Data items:
******************************

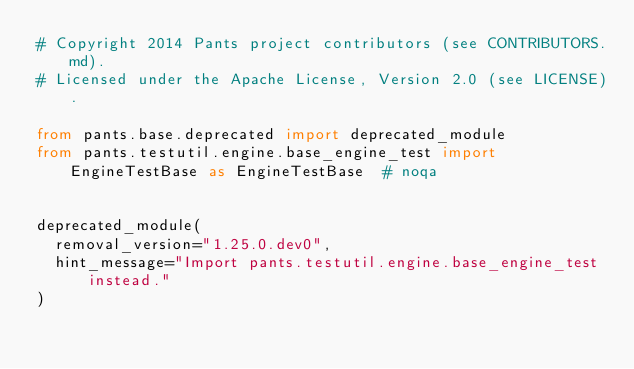Convert code to text. <code><loc_0><loc_0><loc_500><loc_500><_Python_># Copyright 2014 Pants project contributors (see CONTRIBUTORS.md).
# Licensed under the Apache License, Version 2.0 (see LICENSE).

from pants.base.deprecated import deprecated_module
from pants.testutil.engine.base_engine_test import EngineTestBase as EngineTestBase  # noqa


deprecated_module(
  removal_version="1.25.0.dev0",
  hint_message="Import pants.testutil.engine.base_engine_test instead."
)
</code> 
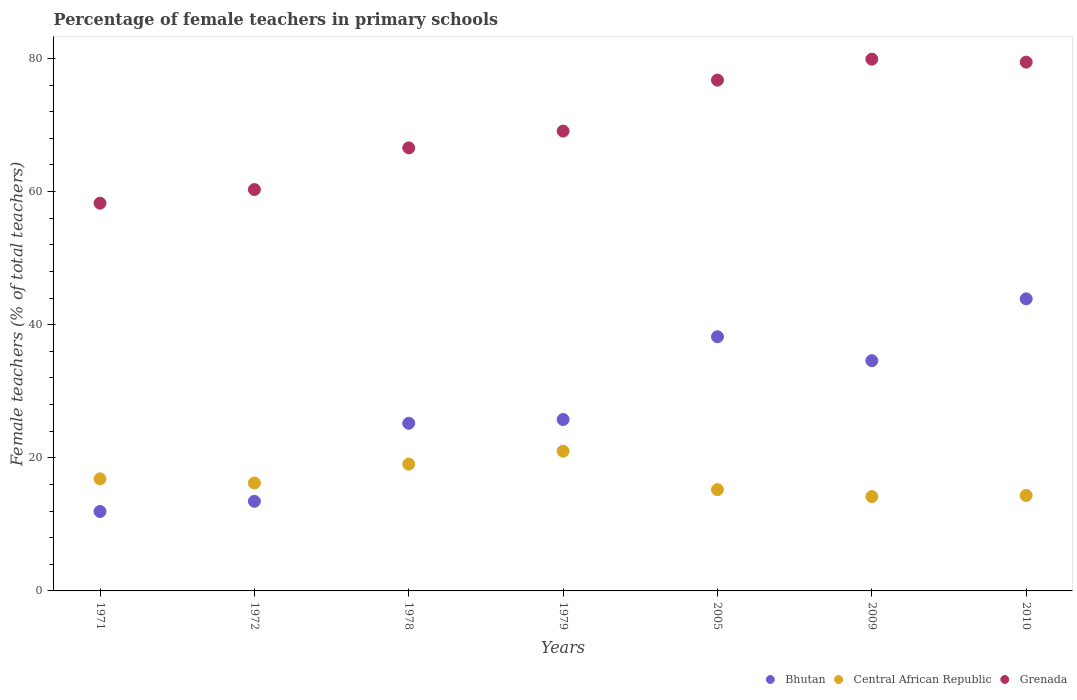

******************************

What the task asks: Write the records out again exactly; none of the pictures belong in the copy.

Response to this exercise:
Convert code to text. <code><loc_0><loc_0><loc_500><loc_500><_Python_># Copyright 2014 Pants project contributors (see CONTRIBUTORS.md).
# Licensed under the Apache License, Version 2.0 (see LICENSE).

from pants.base.deprecated import deprecated_module
from pants.testutil.engine.base_engine_test import EngineTestBase as EngineTestBase  # noqa


deprecated_module(
  removal_version="1.25.0.dev0",
  hint_message="Import pants.testutil.engine.base_engine_test instead."
)
</code> 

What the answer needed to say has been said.